→ **Exercise directions**: Only the line with "Next: the small box [425,231,592,387]." and the lines after it, through the end of the material, belong in the answer; repeat them exactly.

→ **Data for this exercise**:
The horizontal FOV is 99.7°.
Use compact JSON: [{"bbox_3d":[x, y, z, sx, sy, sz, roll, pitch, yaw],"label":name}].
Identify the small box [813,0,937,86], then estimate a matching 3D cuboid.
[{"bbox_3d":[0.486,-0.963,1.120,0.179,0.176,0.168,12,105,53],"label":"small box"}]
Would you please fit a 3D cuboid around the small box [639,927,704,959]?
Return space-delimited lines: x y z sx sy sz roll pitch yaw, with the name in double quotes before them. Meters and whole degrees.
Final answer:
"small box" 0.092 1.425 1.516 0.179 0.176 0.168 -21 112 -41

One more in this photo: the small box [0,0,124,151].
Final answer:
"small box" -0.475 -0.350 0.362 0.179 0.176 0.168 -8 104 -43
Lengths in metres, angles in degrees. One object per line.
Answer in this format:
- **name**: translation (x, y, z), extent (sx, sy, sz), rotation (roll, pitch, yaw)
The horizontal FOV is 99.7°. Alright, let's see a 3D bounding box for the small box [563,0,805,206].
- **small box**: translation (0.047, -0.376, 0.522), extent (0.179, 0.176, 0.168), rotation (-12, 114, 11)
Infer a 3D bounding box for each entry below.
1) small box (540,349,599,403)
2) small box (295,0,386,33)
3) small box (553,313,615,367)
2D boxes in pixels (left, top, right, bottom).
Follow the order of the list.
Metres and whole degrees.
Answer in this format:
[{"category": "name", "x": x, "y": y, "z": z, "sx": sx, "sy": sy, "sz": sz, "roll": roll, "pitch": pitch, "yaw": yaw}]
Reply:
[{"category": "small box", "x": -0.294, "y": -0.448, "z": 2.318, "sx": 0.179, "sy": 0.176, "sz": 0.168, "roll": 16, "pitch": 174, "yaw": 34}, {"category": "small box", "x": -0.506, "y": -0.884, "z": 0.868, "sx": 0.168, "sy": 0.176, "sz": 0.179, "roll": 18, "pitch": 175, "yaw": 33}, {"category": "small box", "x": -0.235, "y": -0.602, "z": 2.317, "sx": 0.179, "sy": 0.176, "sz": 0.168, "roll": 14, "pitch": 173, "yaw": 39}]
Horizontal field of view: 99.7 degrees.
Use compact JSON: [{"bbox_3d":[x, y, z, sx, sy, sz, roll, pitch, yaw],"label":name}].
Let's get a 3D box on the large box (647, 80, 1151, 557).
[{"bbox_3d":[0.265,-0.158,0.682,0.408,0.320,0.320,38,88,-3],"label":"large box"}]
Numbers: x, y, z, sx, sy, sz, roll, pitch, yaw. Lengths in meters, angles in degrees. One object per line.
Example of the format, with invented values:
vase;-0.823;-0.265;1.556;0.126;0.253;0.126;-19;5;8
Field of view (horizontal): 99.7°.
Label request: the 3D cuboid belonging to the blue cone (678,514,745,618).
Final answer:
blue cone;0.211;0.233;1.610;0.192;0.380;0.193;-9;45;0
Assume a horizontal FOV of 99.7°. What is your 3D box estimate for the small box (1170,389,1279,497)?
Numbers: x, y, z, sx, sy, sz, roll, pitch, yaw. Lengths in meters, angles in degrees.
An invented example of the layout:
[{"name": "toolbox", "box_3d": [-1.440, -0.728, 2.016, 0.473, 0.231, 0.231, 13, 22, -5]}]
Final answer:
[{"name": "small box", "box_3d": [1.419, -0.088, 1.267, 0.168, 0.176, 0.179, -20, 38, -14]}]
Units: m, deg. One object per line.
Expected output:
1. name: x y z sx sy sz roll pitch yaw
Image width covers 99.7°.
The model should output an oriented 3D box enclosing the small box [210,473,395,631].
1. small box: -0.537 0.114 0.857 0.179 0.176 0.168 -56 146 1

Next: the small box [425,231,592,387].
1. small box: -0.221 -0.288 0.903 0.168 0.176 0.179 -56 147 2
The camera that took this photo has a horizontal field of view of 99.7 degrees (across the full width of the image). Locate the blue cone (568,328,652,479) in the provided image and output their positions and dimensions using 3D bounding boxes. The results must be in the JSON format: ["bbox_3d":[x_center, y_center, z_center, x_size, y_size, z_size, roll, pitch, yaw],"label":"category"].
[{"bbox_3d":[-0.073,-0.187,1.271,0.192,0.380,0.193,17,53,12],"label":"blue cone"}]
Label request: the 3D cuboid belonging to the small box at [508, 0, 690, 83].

→ **Solution for this problem**:
Next: the small box [425,231,592,387].
1. small box: -0.221 -0.288 0.903 0.168 0.176 0.179 -56 147 2
The camera that took this photo has a horizontal field of view of 99.7 degrees (across the full width of the image). Locate the blue cone (568,328,652,479) in the provided image and output their positions and dimensions using 3D bounding boxes. The results must be in the JSON format: ["bbox_3d":[x_center, y_center, z_center, x_size, y_size, z_size, roll, pitch, yaw],"label":"category"].
[{"bbox_3d":[-0.073,-0.187,1.271,0.192,0.380,0.193,17,53,12],"label":"blue cone"}]
Label request: the 3D cuboid belonging to the small box at [508, 0, 690, 83].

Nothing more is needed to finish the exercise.